A command-line tool in AmberTools for preparing small molecules or non-standard residues within GAFF/AMBER-compatible chemical space for molecular mechanics simulations, by automating atom/bond typing, charge generation or import, and force-field–compatible input generation. USE WHEN you are working in AMBER, dealing with molecules not covered by standard force fields, and already have a structure that can be processed (e.g., pdb, mol2, ac, gout).

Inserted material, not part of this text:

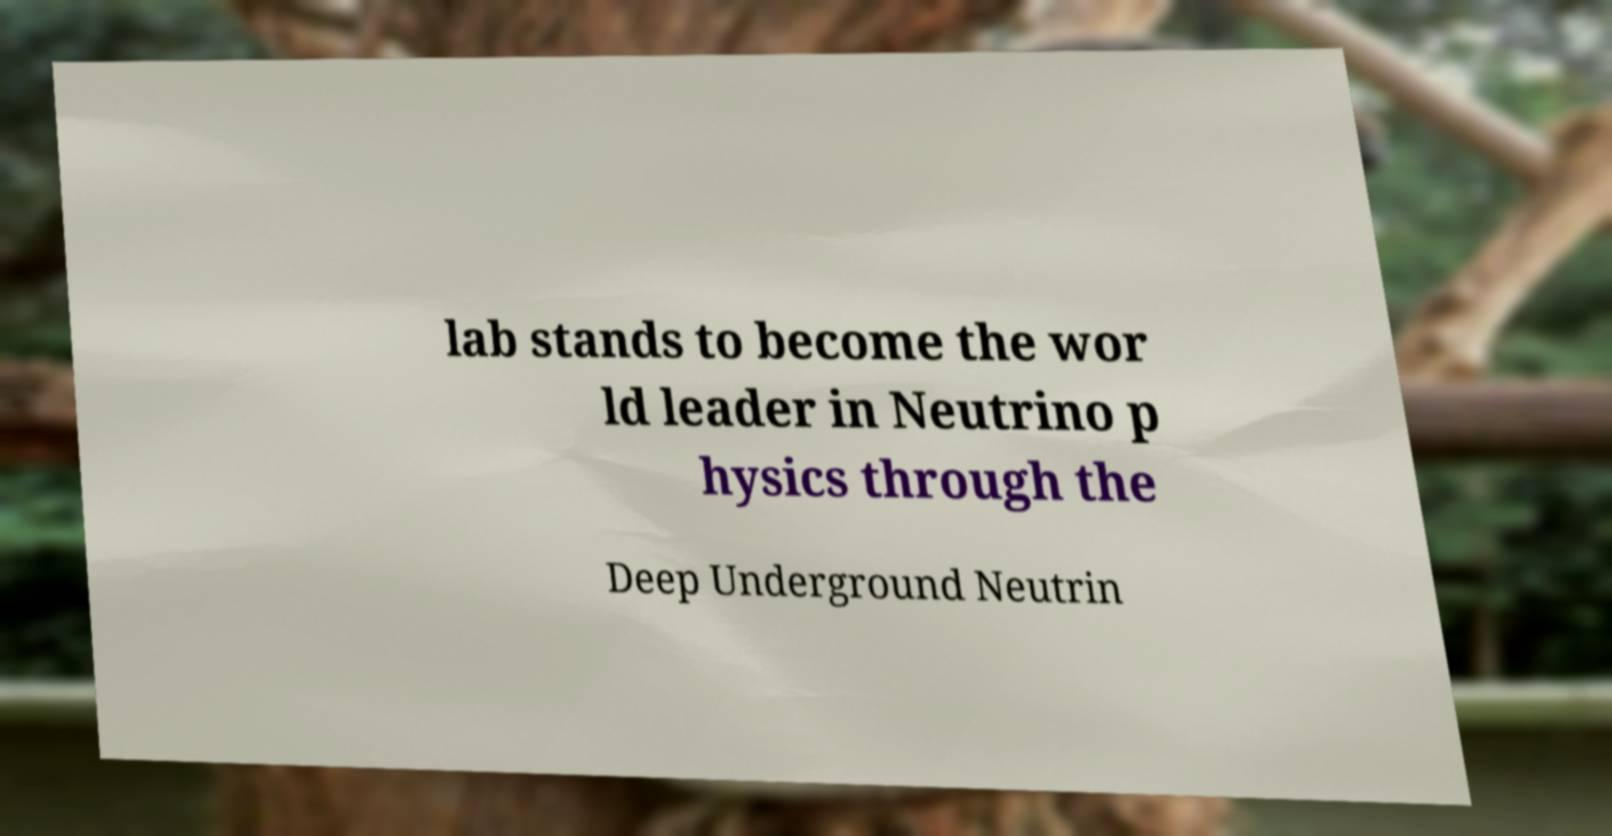Please read and relay the text visible in this image. What does it say? lab stands to become the wor ld leader in Neutrino p hysics through the Deep Underground Neutrin 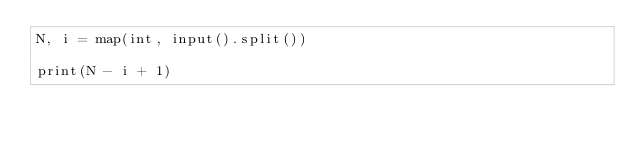<code> <loc_0><loc_0><loc_500><loc_500><_Python_>N, i = map(int, input().split())

print(N - i + 1)
</code>

Typical use cases include parameterizing ligands or modified residues (assigning atom/bond types, generating or reading partial charges), converting structures from upstream tools into mol2/prepi formats, and preparing topology-ready inputs for downstream tools such as LEaP. DO NOT USE for standard residues, metal complexes, inorganic systems, or when no valid molecular structure is available (e.g., only SMILES).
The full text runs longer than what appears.